### MATERIAL PROVIDED ###
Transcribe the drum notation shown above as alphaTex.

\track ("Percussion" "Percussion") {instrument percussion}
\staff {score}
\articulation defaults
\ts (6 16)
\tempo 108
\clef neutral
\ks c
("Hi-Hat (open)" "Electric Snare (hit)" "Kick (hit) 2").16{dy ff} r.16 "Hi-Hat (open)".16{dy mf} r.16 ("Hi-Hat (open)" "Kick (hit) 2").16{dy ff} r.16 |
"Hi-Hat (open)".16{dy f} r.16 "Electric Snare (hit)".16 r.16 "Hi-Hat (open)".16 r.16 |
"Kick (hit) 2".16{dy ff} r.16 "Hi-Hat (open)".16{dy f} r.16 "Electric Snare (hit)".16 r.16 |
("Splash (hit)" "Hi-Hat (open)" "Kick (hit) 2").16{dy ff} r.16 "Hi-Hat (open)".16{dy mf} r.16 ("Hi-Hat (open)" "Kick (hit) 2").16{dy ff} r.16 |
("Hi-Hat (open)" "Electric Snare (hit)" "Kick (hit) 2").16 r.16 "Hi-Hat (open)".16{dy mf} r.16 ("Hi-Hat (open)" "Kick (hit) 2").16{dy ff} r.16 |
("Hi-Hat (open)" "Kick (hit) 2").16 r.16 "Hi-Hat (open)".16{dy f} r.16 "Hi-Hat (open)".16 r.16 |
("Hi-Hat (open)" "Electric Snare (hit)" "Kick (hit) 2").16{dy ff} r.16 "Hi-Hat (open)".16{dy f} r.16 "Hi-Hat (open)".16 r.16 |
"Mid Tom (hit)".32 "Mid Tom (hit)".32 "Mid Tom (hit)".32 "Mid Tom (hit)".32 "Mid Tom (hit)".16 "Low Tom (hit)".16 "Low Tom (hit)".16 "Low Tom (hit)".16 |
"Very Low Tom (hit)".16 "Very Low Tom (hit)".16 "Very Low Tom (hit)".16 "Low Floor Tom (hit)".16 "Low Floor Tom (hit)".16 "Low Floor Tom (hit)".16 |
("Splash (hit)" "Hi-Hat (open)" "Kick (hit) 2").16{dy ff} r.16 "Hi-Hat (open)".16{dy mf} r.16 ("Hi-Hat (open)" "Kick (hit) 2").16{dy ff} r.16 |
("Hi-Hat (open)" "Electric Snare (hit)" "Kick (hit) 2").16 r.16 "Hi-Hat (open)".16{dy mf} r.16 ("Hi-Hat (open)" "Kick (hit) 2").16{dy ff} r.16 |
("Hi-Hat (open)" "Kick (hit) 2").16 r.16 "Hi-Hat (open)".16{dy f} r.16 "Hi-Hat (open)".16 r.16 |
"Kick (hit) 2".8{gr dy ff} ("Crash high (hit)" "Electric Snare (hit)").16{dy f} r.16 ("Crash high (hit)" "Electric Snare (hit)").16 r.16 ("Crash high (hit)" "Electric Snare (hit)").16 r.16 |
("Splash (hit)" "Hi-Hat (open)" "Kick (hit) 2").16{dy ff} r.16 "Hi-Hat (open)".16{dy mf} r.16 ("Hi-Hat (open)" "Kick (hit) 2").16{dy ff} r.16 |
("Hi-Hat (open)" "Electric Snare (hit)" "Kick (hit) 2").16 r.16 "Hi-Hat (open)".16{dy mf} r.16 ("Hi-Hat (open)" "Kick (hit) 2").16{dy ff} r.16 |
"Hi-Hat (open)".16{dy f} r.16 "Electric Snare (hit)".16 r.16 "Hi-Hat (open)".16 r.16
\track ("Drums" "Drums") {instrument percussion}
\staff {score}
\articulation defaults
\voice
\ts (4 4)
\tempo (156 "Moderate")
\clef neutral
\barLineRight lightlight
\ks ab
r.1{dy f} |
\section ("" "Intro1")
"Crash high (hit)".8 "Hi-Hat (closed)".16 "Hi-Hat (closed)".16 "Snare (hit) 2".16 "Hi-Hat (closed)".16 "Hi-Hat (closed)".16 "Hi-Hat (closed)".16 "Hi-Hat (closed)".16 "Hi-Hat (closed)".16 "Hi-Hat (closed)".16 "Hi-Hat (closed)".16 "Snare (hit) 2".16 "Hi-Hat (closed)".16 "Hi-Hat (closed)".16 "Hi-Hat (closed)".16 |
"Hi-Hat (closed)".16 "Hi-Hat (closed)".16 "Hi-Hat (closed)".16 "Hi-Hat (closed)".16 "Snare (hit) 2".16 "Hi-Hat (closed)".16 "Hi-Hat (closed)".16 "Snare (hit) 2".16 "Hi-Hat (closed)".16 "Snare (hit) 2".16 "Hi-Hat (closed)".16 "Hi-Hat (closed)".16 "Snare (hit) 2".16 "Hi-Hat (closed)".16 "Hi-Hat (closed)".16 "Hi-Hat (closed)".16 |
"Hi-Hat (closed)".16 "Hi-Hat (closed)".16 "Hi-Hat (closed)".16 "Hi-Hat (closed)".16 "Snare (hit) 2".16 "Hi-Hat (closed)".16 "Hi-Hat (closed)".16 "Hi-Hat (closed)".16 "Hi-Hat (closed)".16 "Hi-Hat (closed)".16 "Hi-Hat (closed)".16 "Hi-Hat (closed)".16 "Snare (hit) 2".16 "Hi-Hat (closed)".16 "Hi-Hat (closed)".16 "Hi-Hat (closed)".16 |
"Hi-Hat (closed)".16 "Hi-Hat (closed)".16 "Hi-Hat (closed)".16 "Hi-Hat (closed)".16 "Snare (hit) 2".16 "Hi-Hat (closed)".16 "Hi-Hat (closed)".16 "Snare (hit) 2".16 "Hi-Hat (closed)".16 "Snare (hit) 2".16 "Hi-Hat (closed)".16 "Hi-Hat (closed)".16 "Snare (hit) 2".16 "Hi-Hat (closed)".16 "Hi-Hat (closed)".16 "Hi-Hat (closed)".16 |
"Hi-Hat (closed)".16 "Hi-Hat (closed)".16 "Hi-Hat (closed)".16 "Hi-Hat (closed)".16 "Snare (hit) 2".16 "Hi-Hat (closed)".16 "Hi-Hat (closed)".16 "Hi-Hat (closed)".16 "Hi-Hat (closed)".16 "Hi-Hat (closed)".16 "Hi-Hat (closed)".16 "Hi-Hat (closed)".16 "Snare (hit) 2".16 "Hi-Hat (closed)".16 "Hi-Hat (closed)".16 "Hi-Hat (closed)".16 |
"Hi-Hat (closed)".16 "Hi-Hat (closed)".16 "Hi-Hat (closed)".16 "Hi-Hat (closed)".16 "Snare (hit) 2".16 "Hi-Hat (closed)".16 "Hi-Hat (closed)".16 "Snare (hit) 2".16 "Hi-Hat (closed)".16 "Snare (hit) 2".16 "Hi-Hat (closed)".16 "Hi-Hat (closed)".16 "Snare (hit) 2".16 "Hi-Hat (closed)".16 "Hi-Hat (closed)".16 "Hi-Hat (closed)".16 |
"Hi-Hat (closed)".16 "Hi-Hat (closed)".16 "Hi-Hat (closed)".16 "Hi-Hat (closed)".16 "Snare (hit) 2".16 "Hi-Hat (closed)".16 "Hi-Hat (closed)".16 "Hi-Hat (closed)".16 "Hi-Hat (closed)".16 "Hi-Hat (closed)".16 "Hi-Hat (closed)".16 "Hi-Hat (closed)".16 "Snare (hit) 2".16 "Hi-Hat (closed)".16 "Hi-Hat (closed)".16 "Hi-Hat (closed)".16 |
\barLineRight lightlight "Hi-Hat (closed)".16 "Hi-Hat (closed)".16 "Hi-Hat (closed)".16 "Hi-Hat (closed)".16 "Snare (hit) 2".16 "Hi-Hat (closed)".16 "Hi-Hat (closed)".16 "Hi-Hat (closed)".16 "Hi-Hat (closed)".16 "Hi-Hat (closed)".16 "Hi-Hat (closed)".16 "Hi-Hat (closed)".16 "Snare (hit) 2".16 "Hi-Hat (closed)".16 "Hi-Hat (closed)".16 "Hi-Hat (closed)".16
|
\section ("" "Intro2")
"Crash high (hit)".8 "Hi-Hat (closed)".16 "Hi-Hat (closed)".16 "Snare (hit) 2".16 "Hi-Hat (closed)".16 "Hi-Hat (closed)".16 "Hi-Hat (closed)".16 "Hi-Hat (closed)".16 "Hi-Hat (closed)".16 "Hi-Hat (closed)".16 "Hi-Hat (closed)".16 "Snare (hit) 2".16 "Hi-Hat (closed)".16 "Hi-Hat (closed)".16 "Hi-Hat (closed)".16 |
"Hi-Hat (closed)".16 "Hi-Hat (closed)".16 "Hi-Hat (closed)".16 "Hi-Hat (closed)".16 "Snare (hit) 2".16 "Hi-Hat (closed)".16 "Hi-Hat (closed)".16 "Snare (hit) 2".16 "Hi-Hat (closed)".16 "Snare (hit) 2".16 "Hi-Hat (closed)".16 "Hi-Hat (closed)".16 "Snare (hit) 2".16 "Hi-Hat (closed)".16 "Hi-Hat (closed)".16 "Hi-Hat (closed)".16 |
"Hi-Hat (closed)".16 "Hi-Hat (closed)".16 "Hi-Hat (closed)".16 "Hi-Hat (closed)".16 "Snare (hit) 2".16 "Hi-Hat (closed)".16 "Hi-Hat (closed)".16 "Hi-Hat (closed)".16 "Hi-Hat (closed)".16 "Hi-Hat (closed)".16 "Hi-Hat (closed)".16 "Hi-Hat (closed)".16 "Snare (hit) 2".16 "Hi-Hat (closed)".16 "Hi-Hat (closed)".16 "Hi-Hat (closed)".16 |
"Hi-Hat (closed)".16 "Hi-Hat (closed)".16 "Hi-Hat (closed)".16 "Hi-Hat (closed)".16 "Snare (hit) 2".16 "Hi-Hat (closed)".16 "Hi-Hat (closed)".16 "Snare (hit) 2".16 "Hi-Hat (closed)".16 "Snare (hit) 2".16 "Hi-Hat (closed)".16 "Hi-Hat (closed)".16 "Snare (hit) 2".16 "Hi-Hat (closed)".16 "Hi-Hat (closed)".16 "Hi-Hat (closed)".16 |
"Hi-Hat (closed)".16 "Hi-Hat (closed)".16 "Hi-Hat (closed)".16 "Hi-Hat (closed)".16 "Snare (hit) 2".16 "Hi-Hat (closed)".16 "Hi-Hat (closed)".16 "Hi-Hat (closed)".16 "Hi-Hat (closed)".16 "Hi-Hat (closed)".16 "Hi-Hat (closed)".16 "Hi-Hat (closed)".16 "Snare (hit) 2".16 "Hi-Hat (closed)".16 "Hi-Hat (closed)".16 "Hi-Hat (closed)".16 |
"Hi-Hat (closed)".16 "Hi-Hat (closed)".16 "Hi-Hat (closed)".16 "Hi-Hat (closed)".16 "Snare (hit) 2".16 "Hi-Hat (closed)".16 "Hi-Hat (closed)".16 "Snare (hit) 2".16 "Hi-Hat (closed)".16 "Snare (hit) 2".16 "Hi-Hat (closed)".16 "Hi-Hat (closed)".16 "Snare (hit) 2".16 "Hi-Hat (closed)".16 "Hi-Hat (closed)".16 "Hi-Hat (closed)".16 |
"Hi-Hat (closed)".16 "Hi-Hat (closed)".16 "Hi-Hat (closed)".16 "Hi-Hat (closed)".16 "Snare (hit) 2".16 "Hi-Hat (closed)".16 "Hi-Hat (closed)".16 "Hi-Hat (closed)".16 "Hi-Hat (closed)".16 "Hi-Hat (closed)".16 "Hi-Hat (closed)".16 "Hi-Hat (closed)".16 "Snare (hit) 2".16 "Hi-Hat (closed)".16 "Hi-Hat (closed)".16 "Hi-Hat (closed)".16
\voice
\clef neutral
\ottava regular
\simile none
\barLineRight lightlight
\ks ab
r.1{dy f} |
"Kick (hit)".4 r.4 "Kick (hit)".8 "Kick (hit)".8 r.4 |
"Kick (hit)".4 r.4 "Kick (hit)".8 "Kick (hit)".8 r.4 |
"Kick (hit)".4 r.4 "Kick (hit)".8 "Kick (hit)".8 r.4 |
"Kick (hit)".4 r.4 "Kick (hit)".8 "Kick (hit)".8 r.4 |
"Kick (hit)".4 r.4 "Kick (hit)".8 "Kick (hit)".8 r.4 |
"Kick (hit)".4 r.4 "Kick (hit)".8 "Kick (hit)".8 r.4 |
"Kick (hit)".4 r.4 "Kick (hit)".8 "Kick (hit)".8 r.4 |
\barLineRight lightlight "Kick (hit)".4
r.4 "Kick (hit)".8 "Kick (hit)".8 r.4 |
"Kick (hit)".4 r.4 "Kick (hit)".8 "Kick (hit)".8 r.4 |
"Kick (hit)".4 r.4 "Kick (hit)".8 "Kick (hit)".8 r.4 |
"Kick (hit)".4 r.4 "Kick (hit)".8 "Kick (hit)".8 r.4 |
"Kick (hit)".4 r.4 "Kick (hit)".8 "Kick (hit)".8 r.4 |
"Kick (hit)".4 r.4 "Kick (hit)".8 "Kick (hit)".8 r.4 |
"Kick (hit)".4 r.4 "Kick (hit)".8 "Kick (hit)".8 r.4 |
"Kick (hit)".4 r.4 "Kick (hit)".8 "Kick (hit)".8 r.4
###
* **TASK REQUIREMENTS**: Counting only lines that hold "barLineRight", report how many there are in the records above, as a bare number.

* **YOUR SOLUTION**: 4